At today's build costs you need ~$5/lb just to clear a 15% return.
It takes forever. Twenty years from discovery to metal in the developed world, closer to 29 in the US - a commitment that outlives the CEO, the comp plan, and several price cycles.
The jurisdictions are landmines. Exhibit A: Cobre Panama - a finished, world-class mine switched off by the government and left idle, what Scotia calls essentially the world's only material source of spare capacity, dark by political decree. When a government can vaporize a built mine overnight, who's racing to break ground on the next one?
And the capital itself changed - the real story. In a sound-money world the textbook works: high prices, high returns, patient capital, new supply. We don't live there. We live in a financialized, fiat world where the executives who overbuilt at the last peak got their heads handed to them, and the survivors learned the lesson the market beat into them - ambition gets punished, "discipline" gets rewarded. Shareholders want buybacks. CEOs are paid on this year's returns, not on cathode shipping in 2045.
I've spent my career on the deal side of this business, so let me translate the boardroom math: a twenty-year, two-billion-dollar bet in a country that might nationalize it is the last thing a rational team wants on its plate. Far easier - and far better rewarded - to hand the cash back, or just buy someone else's pounds.
The price is screaming BUILD. The incentives are answering: return capital.
That gap is the capital strike - and here's the part the sell-side won't put in a deck: it isn't irrational. It's the rational response to soft money. When your unit of account is being debased and policy turns capricious - tariffs that flip overnight, governments that switch off finished mines - the sane time-horizon for capital collapses. A twenty-year, illiquid bet on a real asset looks reckless next to a buyback you can book this quarter. Cheap, abundant money doesn't fund long-cycle supply; it chases liquid financial returns. So debasement doesn't just dilute the dollar - it raises everyone's discount rate on patient, real-world capital and starves the very investment needed to dig real things out of the ground.
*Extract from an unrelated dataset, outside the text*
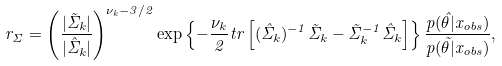<formula> <loc_0><loc_0><loc_500><loc_500>r _ { \Sigma } = \left ( \frac { | \tilde { \Sigma } _ { k } | } { | \hat { \Sigma } _ { k } | } \right ) ^ { \nu _ { k } - 3 / 2 } \exp \left \{ - \frac { \nu _ { k } } { 2 } t r \left [ ( \hat { \Sigma } _ { k } ) ^ { - 1 } \tilde { \Sigma } _ { k } - \tilde { \Sigma } _ { k } ^ { - 1 } \hat { \Sigma } _ { k } \right ] \right \} \frac { p ( \hat { \theta } | x _ { o b s } ) } { p ( \tilde { \theta } | x _ { o b s } ) } ,</formula> 
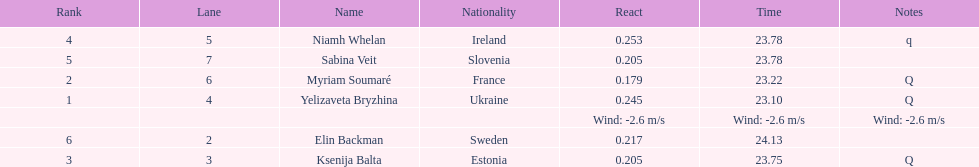Who finished after sabina veit? Elin Backman.

Here's the contrast that frames the whole capital strike. Since the start of 2020, the U.S. money supply has expanded from about $15.5 trillion to $22.6 trillion - roughly 45% more dollars, conjured with a keystroke. Over the same stretch, global copper mine supply grew about 11% - the hard way, through grades, permits, and capital.
You can print dollars. You cannot print copper.
That asymmetry doesn't pump the copper price directly - copper isn't a monetary metal; its price is set by physical supply and demand. What it does is quieter and more consequential: when expanding the money supply is effortless and expanding the metal supply is a twenty-year slog, capital rationally chases the easy game - financial returns, buybacks - over the hard one. The deficit is the downstream result.
It's also durable, not a spike. The relief everyone's banking on - the 2027 wave of restarts (Cobre Panama, Collahuasi, Grasberg, Kamoa) - is real but temporary:

Supply growth peaks in 2027, then rolls over - negative by 2030.
Scotia sees 2027 as peak supply growth for the decade, turning negative by 2030. Nothing's behind it, because nobody funded it - and even if every board reversed course tomorrow, see reason two: the metal wouldn't arrive until the 2040s.
We've seen this movie. Oil producers slashed capital from 2015 to 2020 - every cut applauded as "discipline" - and gifted us the 2022 spike. The cure for low prices is low prices. The cure for high prices is supposed to be high prices. This time someone unplugged the second half of the sentence.